DM: What keeps you going on a daily basis in face of the many grave problems facing the living planet?
CB: What keeps me going is my passion for the work I’m doing which is making a difference in the lives of many collapse-aware and extinction-aware people. All of my books, including my sections of Extinction Dialogs offer tools for navigating this daunting time of endings. I also offer life coaching for people who often have absolutely no one to talk with about these topics and who seek emotional and spiritual support as they confront collapse and extinction.
I also allow myself to grieve the losses I see every day—the loss of miles of ice at the poles, the loss of some 200 species per day, the loss of precious resources like water, land, and food production. Much of my spiritual practice is allowing my heart to be broken open so that I can demonstrate more compassion, more service, more love in the world. Spiritual practice is enormously important to me. I have practised a particular form of meditation for 36 years. I also spend a great deal of time in nature communing with trees, flowers, rocks, streams, birds, and land. I do whatever I can to practice good manners toward them and make their demise easier.
DM: What can or should activists do in the face of government indifference to catastrophic climate change?
CB: I believe that activists must first realize that they cannot save the planet and that catastrophic climate change is irreversible. Governments will remain indifferent because it is not in their interests to address climate change. Climate change can only by slowed by the collapse of industrial civilization, and what politician will run on that platform? That said, however, there is much that we can do, some of which I have just mentioned, to live in a manner that reduces our footprint in the immediate world around us. This morning I read an article about a non-profit group in Africa that teaches poachers how to stop poaching and start learning and practising sustainable farming. Will this reverse catastrophic climate change? Of course not, but it may allow some animals to prevail who would not otherwise been able to do so.
I believe that we must be engaged in service in the world and be about expressing radical empathy in a narcissistic, entitled culture.

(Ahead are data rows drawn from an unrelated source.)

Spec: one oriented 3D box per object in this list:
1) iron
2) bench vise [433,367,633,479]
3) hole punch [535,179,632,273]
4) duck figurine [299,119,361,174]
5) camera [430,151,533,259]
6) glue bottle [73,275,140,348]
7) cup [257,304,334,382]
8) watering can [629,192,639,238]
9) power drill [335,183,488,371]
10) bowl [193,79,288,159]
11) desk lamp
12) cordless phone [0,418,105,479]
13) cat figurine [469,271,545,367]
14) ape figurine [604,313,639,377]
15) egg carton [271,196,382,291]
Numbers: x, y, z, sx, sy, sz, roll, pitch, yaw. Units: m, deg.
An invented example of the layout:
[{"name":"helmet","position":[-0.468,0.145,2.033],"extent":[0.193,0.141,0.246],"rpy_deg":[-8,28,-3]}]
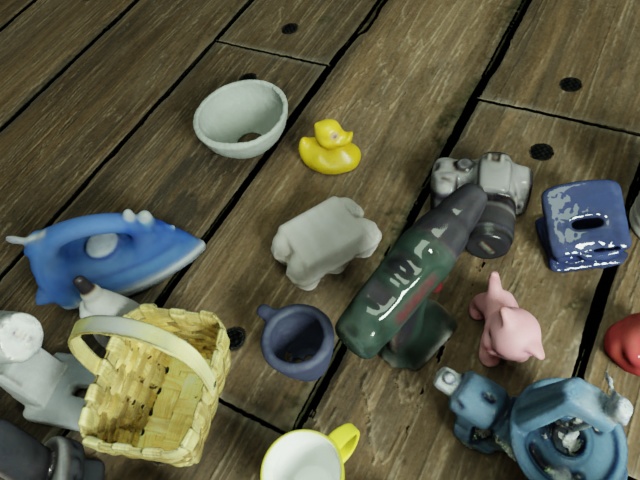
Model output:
[{"name":"iron","position":[-0.315,0.005,0.851],"extent":[0.258,0.142,0.118],"rpy_deg":[-17,54,-1]},{"name":"bench vise","position":[0.212,0.186,0.573],"extent":[0.207,0.220,0.121],"rpy_deg":[7,57,16]},{"name":"hole punch","position":[0.355,-0.019,0.767],"extent":[0.108,0.091,0.101],"rpy_deg":[-8,54,5]},{"name":"duck figurine","position":[0.012,-0.161,0.937],"extent":[0.104,0.086,0.077],"rpy_deg":[10,58,18]},{"name":"camera","position":[0.224,-0.051,0.809],"extent":[0.143,0.101,0.137],"rpy_deg":[5,57,15]},{"name":"glue bottle","position":[-0.281,0.096,0.761],"extent":[0.078,0.173,0.037],"rpy_deg":[-19,54,-2]},{"name":"cup","position":[-0.031,0.135,0.733],"extent":[0.117,0.095,0.092],"rpy_deg":[33,67,29]},{"name":"watering can","position":[0.470,-0.085,0.727],"extent":[0.101,0.194,0.172],"rpy_deg":[-8,54,6]},{"name":"power drill","position":[0.116,0.063,0.684],"extent":[0.075,0.209,0.230],"rpy_deg":[35,68,30]},{"name":"bowl","position":[-0.130,-0.198,0.998],"extent":[0.167,0.075,0.167],"rpy_deg":[-5,55,8]},{"name":"desk lamp","position":[-0.385,0.147,0.721],"extent":[0.202,0.214,0.118],"rpy_deg":[5,57,15]},{"name":"cordless phone","position":[-0.321,0.283,0.630],"extent":[0.094,0.185,0.147],"rpy_deg":[-17,54,-1]},{"name":"cat figurine","position":[0.225,0.099,0.694],"extent":[0.067,0.118,0.127],"rpy_deg":[-9,54,5]},{"name":"ape figurine","position":[0.379,0.113,0.669],"extent":[0.076,0.092,0.078],"rpy_deg":[26,64,26]},{"name":"egg carton","position":[0.008,0.003,0.834],"extent":[0.150,0.069,0.107],"rpy_deg":[-31,55,-11]}]

Moreover, we need to temper the fires of activism with the waters of grief. Alongside our passionate struggles for climate and environmental justice, we must also allow ourselves to grieve. At the same time that we are engaged in doing, we must be engaged in feeling. Again, this underscores the importance of conscious grief work. Contrary to the notion that grieving is just a passive response to our daunting future, grieving opens our hearts and bonds us to the Earth, to each other, and to parts of ourselves that we may have disowned as a result of cultural shaming. Grieving is the ultimate tonic for passionate activism.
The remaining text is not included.